Dalam latihan tersebut, Yonarmed 11/GG Divif 2 Kostrad mengoperasikan Meriam Gunung 76 mm sebagai unsur bantuan tembakan jarak dekat bagi satuan manuver. Sementara itu, Yonarmed 1/Roket Divif 2 Kostrad mengerahkan sistem roket ASTROS yang memiliki kemampuan memberikan dukungan tembakan hingga sasaran berjarak lebih dari 60 kilometer, sehingga mampu memperkuat daya gempur sekaligus memperluas jangkauan operasi satuan.
Kehadiran kedua sistem persenjataan itu menunjukkan kemampuan Artileri Medan Kostrad dalam memberikan dukungan tembakan yang saling melengkapi, mulai dari sasaran jarak dekat hingga jarak jauh. Integrasi kemampuan tersebut menjadi salah satu elemen penting dalam mendukung keberhasilan operasi gabungan TNI di berbagai medan penugasan.
Latihan menembak di Ambal merupakan bagian dari tahapan pembinaan kemampuan sebelum unsur-unsur TNI mengikuti Latihan Terintegrasi TNI di Dabo Singkep, Kepulauan Riau. Melalui kegiatan ini, setiap satuan mengasah profesionalisme, meningkatkan koordinasi lintas matra, serta memastikan kesiapan personel dan alat utama sistem persenjataan (alutsista) agar mampu beroperasi secara terpadu dalam satu komando operasi.

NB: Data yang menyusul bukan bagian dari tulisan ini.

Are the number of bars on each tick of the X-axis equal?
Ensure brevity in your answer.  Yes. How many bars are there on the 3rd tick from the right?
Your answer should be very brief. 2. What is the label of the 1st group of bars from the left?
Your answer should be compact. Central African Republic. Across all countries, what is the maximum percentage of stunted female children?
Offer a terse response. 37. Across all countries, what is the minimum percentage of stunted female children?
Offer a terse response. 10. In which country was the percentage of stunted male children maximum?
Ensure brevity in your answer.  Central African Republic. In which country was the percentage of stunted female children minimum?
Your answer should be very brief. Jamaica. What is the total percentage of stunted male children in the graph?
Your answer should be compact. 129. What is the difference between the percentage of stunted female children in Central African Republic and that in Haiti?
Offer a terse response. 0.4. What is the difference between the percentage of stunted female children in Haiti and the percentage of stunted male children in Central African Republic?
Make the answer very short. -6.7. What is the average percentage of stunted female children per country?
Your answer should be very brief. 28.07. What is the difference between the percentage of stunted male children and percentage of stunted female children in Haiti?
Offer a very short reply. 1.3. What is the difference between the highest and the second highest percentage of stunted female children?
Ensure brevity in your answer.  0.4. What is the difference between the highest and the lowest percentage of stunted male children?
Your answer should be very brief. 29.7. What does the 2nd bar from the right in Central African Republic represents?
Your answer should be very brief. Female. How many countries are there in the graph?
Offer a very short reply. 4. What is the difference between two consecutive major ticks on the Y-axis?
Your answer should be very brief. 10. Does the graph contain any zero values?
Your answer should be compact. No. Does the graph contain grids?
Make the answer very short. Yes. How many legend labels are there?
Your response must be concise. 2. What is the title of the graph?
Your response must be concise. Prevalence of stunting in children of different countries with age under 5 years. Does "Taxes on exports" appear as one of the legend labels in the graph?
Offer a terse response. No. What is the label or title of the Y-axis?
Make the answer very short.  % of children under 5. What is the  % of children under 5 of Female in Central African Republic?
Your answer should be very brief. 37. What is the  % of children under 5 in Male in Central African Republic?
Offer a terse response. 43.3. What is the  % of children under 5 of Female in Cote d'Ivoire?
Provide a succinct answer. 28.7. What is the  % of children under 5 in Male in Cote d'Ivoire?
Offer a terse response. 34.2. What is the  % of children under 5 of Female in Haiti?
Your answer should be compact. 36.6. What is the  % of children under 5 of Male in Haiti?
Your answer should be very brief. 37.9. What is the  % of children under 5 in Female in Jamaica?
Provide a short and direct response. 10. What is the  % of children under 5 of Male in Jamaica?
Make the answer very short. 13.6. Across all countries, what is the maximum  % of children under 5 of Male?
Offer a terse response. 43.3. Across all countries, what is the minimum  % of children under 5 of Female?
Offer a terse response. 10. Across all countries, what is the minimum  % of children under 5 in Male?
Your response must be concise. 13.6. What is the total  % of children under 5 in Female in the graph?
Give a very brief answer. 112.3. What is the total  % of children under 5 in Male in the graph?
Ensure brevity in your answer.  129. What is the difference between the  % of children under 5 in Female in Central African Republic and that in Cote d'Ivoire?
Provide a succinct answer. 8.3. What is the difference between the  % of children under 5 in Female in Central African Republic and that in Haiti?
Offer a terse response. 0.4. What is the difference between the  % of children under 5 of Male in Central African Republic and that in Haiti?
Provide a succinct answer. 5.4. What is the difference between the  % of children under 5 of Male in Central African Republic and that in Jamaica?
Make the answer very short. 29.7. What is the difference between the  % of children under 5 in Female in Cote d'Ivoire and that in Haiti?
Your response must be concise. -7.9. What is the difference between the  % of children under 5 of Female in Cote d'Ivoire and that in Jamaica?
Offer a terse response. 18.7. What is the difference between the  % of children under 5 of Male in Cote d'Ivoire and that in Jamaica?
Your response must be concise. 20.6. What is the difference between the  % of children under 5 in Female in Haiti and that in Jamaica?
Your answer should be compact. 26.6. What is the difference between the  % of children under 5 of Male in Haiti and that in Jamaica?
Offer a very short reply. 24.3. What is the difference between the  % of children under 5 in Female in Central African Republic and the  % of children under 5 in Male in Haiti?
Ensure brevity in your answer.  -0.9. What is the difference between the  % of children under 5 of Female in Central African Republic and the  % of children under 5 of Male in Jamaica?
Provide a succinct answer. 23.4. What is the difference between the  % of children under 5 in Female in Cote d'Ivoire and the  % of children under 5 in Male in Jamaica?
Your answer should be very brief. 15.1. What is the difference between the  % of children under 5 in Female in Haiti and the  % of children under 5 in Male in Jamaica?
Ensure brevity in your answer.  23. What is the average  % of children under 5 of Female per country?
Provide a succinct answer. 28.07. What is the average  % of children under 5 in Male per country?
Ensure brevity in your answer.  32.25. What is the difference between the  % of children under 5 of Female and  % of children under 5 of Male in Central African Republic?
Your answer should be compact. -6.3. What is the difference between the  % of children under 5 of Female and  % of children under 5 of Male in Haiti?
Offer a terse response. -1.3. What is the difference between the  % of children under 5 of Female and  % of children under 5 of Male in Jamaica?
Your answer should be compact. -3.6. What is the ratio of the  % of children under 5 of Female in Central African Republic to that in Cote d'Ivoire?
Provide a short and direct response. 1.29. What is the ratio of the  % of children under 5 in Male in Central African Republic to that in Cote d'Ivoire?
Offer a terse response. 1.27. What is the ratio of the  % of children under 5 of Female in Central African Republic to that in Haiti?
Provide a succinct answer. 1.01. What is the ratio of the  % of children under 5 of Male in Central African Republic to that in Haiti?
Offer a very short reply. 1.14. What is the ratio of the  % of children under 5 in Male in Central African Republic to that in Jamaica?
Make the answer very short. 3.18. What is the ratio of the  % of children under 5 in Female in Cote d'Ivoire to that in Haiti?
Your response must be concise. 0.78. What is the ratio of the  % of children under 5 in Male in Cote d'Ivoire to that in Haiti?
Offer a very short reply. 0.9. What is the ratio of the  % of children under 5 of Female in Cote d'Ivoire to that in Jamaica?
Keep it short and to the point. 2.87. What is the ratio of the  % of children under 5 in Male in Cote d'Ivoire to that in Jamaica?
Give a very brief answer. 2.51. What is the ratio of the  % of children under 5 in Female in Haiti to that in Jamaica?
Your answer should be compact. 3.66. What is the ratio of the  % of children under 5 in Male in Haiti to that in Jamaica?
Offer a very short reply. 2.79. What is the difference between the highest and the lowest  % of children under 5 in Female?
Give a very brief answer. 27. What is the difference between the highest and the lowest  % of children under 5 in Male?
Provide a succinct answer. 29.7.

Panglima Divisi Infanteri 2 Kostrad, Mayjen TNI Primadi Saiful Sulun, meninjau langsung jalannya latihan guna memastikan seluruh rangkaian kegiatan berlangsung sesuai prosedur, mengedepankan faktor keselamatan personel, serta mencapai sasaran latihan yang telah ditetapkan.
Menurut Pangdivif 2 Kostrad, latihan yang dilaksanakan secara bertahap, bertingkat, dan berlanjut merupakan fondasi penting dalam membangun kemampuan tempur satuan. Sinergi antarmatra menjadi kunci agar setiap unsur TNI mampu bertindak secara terpadu dalam menghadapi berbagai spektrum ancaman terhadap kedaulatan negara.
“Latihan adalah investasi kesiapan. Prajurit yang terlatih dan alutsista yang siap merupakan bagian penting dalam melaksanakan tugas menjaga keutuhan serta kedaulatan Negara Kesatuan Republik Indonesia,” tegas Mayjen TNI Primadi Saiful Sulun.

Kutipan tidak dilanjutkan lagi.